O documento foi supostamente removido do site da OMS a pedido de Ranieri Guerra, diretor-geral adjunto da OMS e ex-diretor-geral de saúde preventiva no ministério da saúde italiano entre 2014 e 2017, sendo, portanto, responsável por atualizar o plano de pandemia de acordo com as diretrizes estabelecidas pela OMS e pelo Centro Europeu para Prevenção e Controle de Doenças (ECDC).

A OMS não explicou por que o relatório foi retirado do site, mas disse, em comunicado, na semana passada que ele "continha imprecisões e inconsistências".

Segundo o governo italiano, o plano foi alterado algumas vezes, mas, segundo os especialistas da OMS os planos posteriores a 2006 foram apenas copiados "e nem uma palavra ou vírgula foi alterada no texto".
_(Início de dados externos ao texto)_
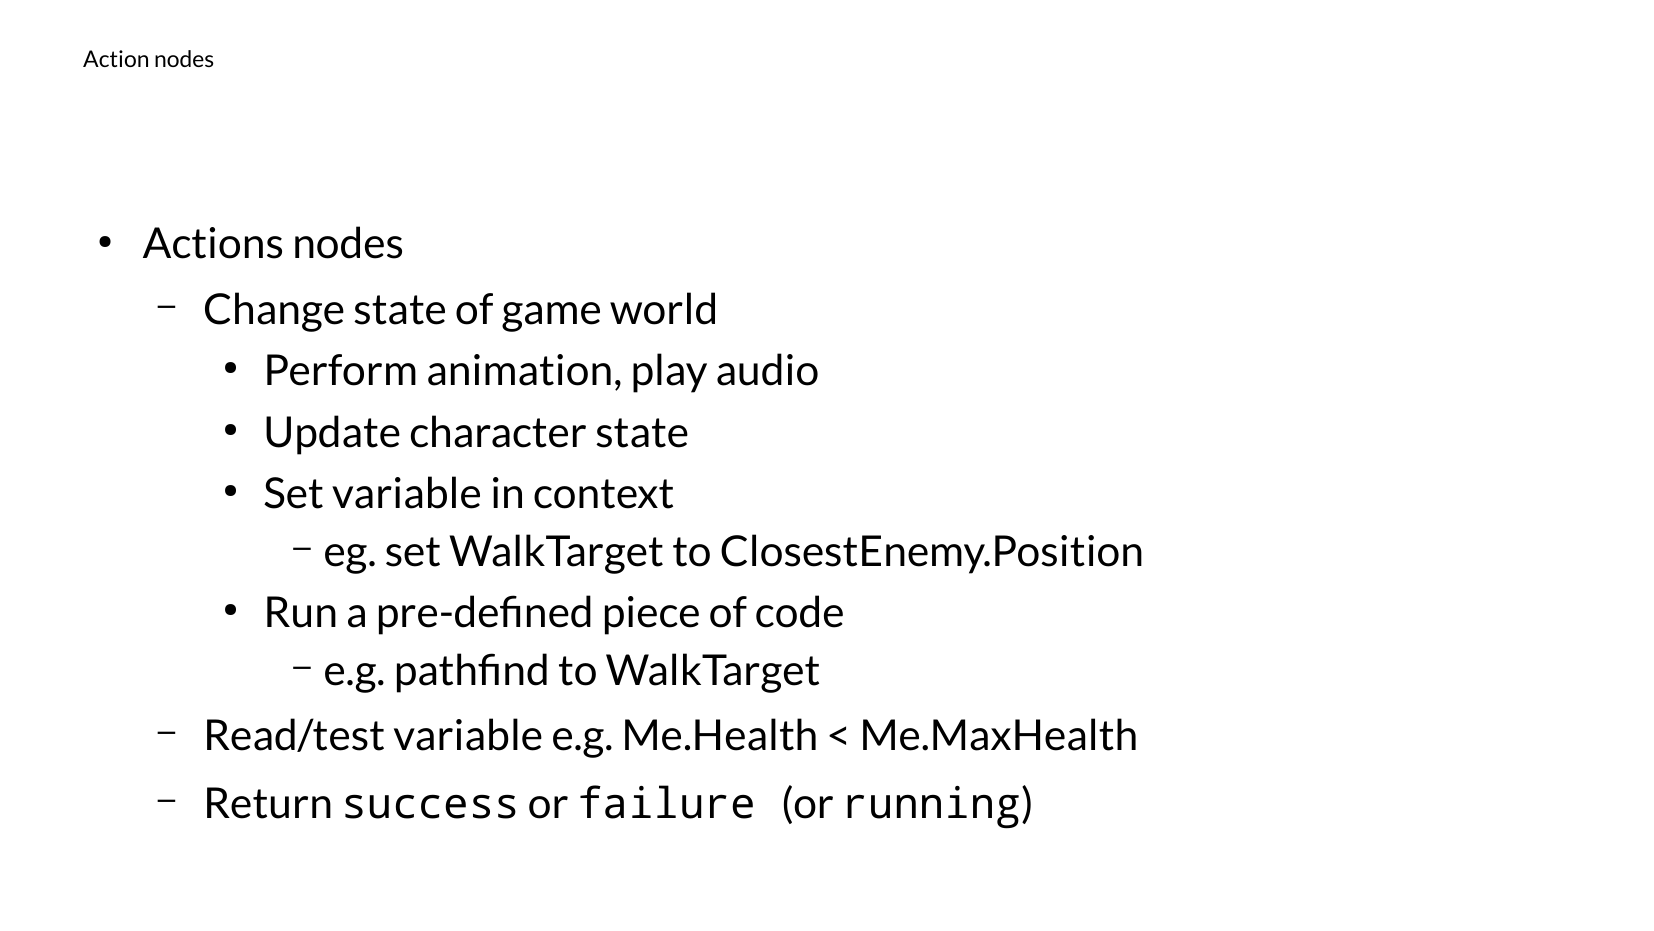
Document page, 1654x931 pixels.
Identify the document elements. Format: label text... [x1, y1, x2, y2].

list Actions nodes Change state of game world Perform animation, play audio Update character state Set variable in context eg. set WalkTarget to ClosestEnemy.Position Run a pre-defined piece of code e.g. pathfind to WalkTarget Read/test variable e.g. Me.Health < Me.MaxHealth Return success or failure (or running) [82, 217, 1571, 839]
title Action nodes [83, 0, 1571, 119]
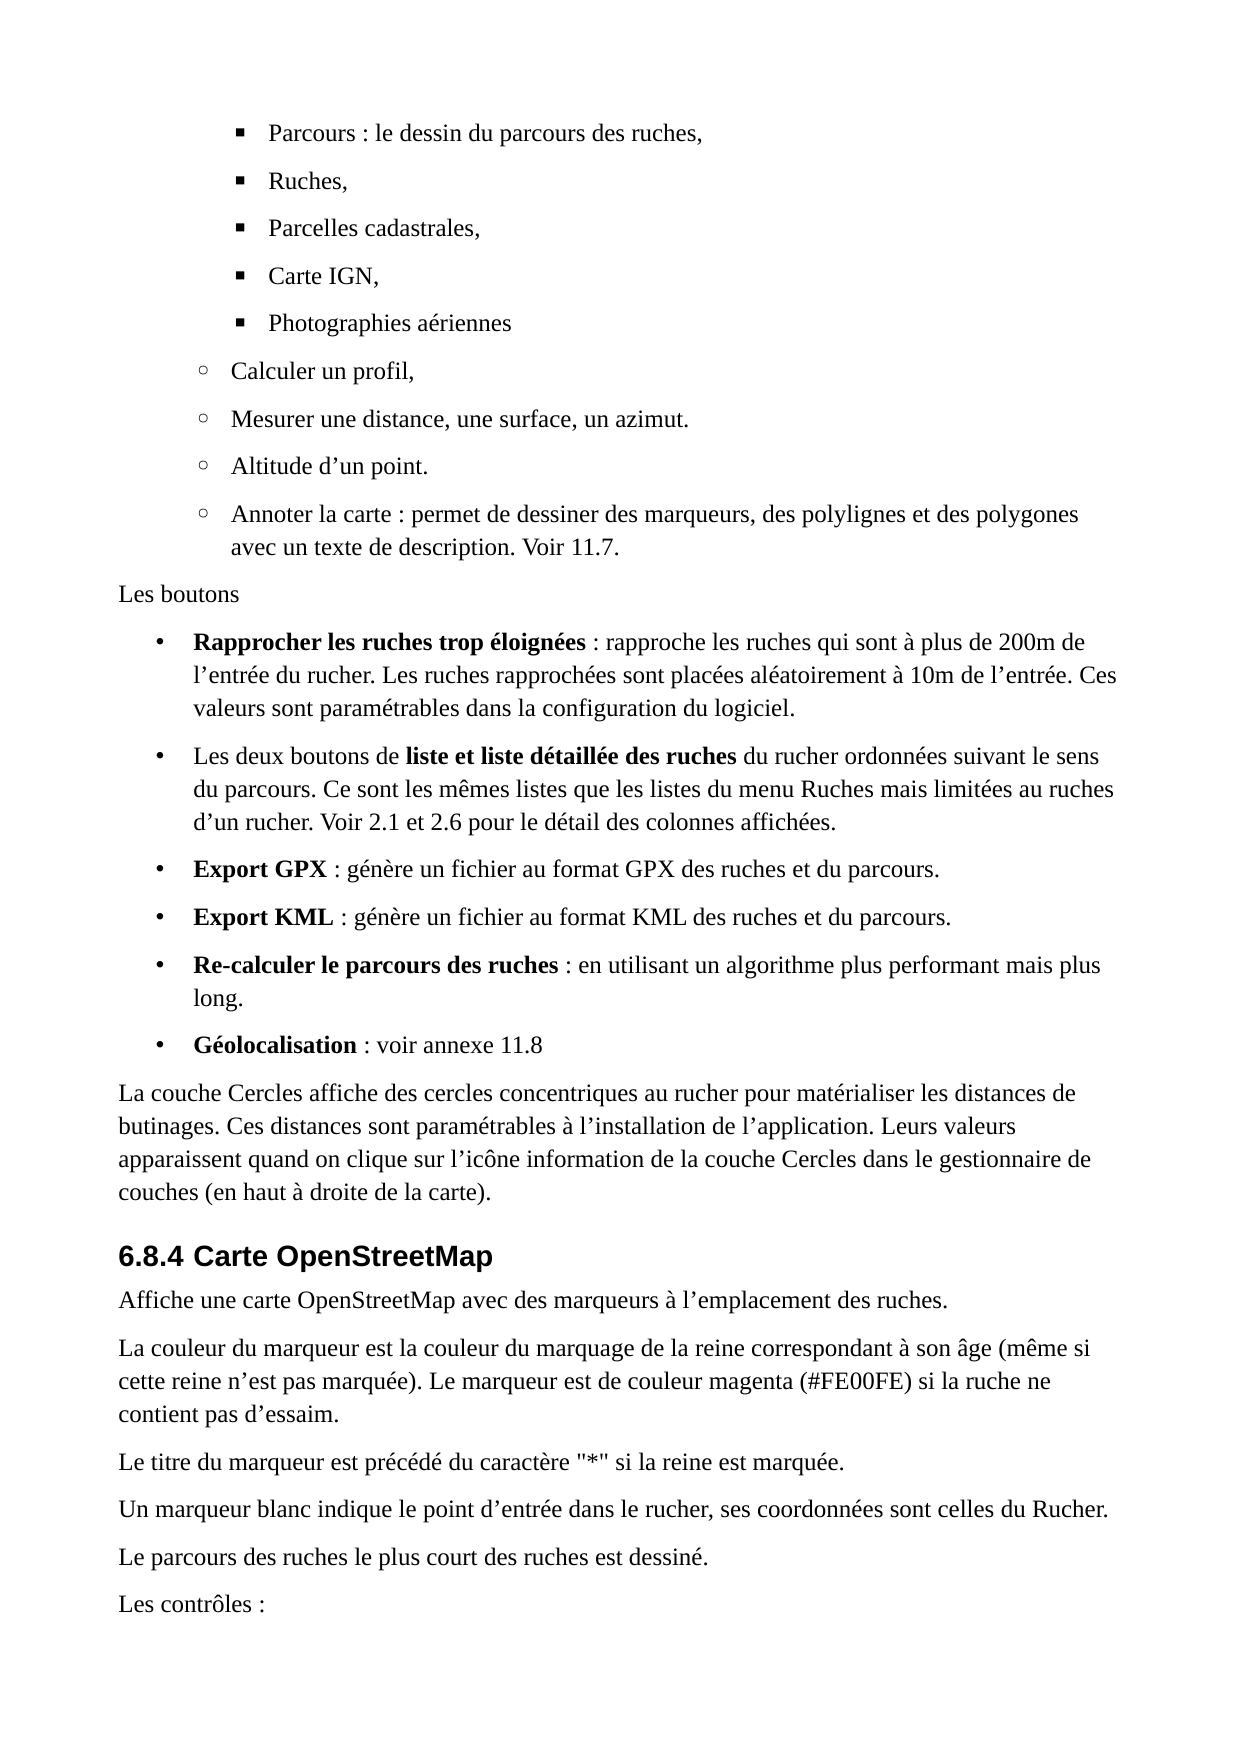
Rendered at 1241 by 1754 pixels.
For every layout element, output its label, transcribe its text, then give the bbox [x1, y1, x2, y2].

text Les contrôles : [118, 1589, 1122, 1618]
list Rapprocher les ruches trop éloignées : rapproche les ruches qui sont à plus de 200m de l’entrée du rucher. Les ruches rapprochées sont placées aléatoirement à 10m de l’entrée. Ces valeurs sont paramétrables dans la configuration du logiciel. [156, 627, 1122, 722]
list Parcours : le dessin du parcours des ruches, [231, 118, 1122, 147]
list Carte IGN, [231, 261, 1122, 290]
list Photographies aériennes [231, 308, 1122, 337]
text Les boutons [118, 579, 1122, 608]
list Les deux boutons de liste et liste détaillée des ruches du rucher ordonnées suivant le sens du parcours. Ce sont les mêmes listes que les listes du menu Ruches mais limitées au ruches d’un rucher. Voir 2.1 et 2.6 pour le détail des colonnes affichées. [156, 741, 1122, 836]
list Export GPX : génère un fichier au format GPX des ruches et du parcours. [156, 854, 1122, 883]
list Re-calculer le parcours des ruches : en utilisant un algorithme plus performant mais plus long. [156, 950, 1122, 1011]
text Le parcours des ruches le plus court des ruches est dessiné. [118, 1542, 1122, 1571]
list Calculer un profil, [193, 356, 1122, 385]
text Le titre du marqueur est précédé du caractère "*" si la reine est marquée. [118, 1447, 1122, 1475]
text Un marqueur blanc indique le point d’entrée dans le rucher, ses coordonnées sont celles du Rucher. [118, 1494, 1122, 1523]
list Annoter la carte : permet de dessiner des marqueurs, des polylignes et des polygones avec un texte de description. Voir 11.7. [193, 499, 1122, 561]
list Altitude d’un point. [193, 451, 1122, 480]
list Mesurer une distance, une surface, un azimut. [193, 404, 1122, 432]
list Géolocalisation : voir annexe 11.8 [156, 1030, 1122, 1059]
text La couleur du marqueur est la couleur du marquage de la reine correspondant à son âge (même si cette reine n’est pas marquée). Le marqueur est de couleur magenta (#FE00FE) si la ruche ne contient pas d’essaim. [118, 1333, 1122, 1428]
text La couche Cercles affiche des cercles concentriques au rucher pour matérialiser les distances de butinages. Ces distances sont paramétrables à l’installation de l’application. Leurs valeurs apparaissent quand on clique sur l’icône information de la couche Cercles dans le gestionnaire de couches (en haut à droite de la carte). [118, 1078, 1122, 1206]
list Parcelles cadastrales, [231, 213, 1122, 242]
text Affiche une carte OpenStreetMap avec des marqueurs à l’emplacement des ruches. [118, 1285, 1122, 1314]
subtitle Carte OpenStreetMap [118, 1239, 1122, 1273]
list Export KML : génère un fichier au format KML des ruches et du parcours. [156, 902, 1122, 931]
list Ruches, [231, 166, 1122, 194]

A OMS confirmou que está a trabalhar com o governo italiano "para esclarecer a questão". Leia-se, atualização dos planos pandémicos. Já o ministério da saúde da Itália negou qualquer envolvimento: "Pelo que sabemos, este não é um documento oficial da OMS e nunca foi enviado ao ministério da saúde, que, portanto, nunca avaliou ou comentou sobre ele. As informações a respeito não vêm de fontes institucionais." Mas segundo o autor do relatório, ele próprio informou por e-mail o ministro da saúde da Itália, Roberto Speranza. E-mails a que o The Guardian teve acesso.

O facto de Itália possuir um plano desatualizado é aliás um elemento crucial nas investigações preliminares conduzidas por promotores em Bérgamo - a província da Lombardia mais atingida durante a primeira onda da pandemia - sobre possível negligência criminosa por parte das autoridades. Zambon foi intimado a testemunhar em tribunal, mas a OMS já avisou que tanto ele como os outros investigadores estavam obrigados ao sigilo profissional e como tal não podem falar.

"A Itália não estava preparada para a covid, havia muita improvisação... precisamos descobrir por que há tantas vítimas em comparação com outros lugares", disse Antonio Chiappani, o promotor-chefe, ao Corriere della Sera, que tem como trunfo mais um relatório de um general do Exército na reforma, que atribuiu 10 mil das mais de 60 mil mortes até hoje (11 de dezembro) atribuídas à falta de protocolos antipandémicos.